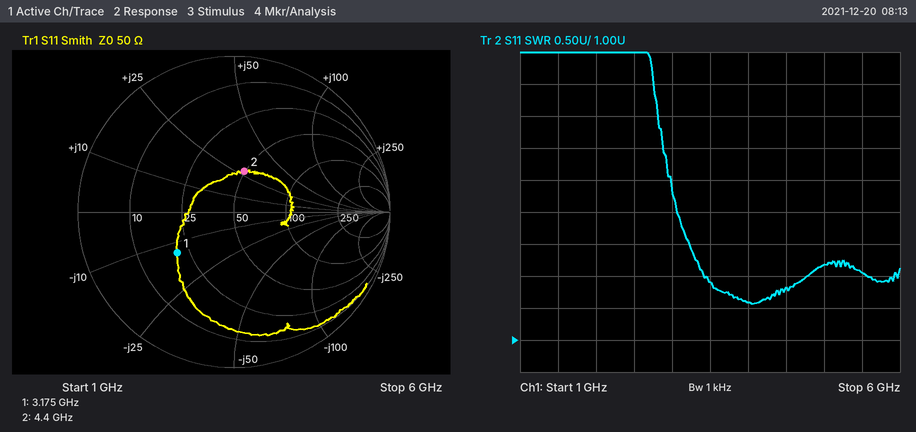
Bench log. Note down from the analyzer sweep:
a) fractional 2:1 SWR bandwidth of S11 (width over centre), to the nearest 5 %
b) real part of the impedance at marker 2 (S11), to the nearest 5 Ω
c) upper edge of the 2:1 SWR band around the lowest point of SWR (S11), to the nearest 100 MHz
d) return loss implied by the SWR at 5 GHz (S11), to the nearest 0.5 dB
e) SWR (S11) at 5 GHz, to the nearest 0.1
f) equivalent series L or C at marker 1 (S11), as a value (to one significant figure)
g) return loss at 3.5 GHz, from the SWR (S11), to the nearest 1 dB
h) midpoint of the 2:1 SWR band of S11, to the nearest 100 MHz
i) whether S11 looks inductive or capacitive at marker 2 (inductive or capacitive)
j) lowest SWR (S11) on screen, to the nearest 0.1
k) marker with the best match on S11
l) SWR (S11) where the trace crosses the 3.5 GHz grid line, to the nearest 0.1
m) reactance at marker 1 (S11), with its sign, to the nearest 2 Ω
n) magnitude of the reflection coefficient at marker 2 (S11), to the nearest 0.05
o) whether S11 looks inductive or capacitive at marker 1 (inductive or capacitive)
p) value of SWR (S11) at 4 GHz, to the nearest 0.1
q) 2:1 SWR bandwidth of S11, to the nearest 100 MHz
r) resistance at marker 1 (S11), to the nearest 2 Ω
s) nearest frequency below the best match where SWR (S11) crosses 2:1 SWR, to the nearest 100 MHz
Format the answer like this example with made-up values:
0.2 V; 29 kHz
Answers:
35 %; 50 Ω; 4.8 GHz; 8.5 dB; 2.2; 4 pF; 10 dB; 4.1 GHz; inductive; 1.6; marker 2; 1.9; -14 Ω; 0.25; capacitive; 1.6; 1.4 GHz; 20 Ω; 3.4 GHz
■ ■ ■ ■
Gather up, from the records above, each line where the word "best" appears.

## [ANSWER SECTION]
k) marker with the best match on S11
s) nearest frequency below the best match where SWR (S11) crosses 2:1 SWR, to the nearest 100 MHz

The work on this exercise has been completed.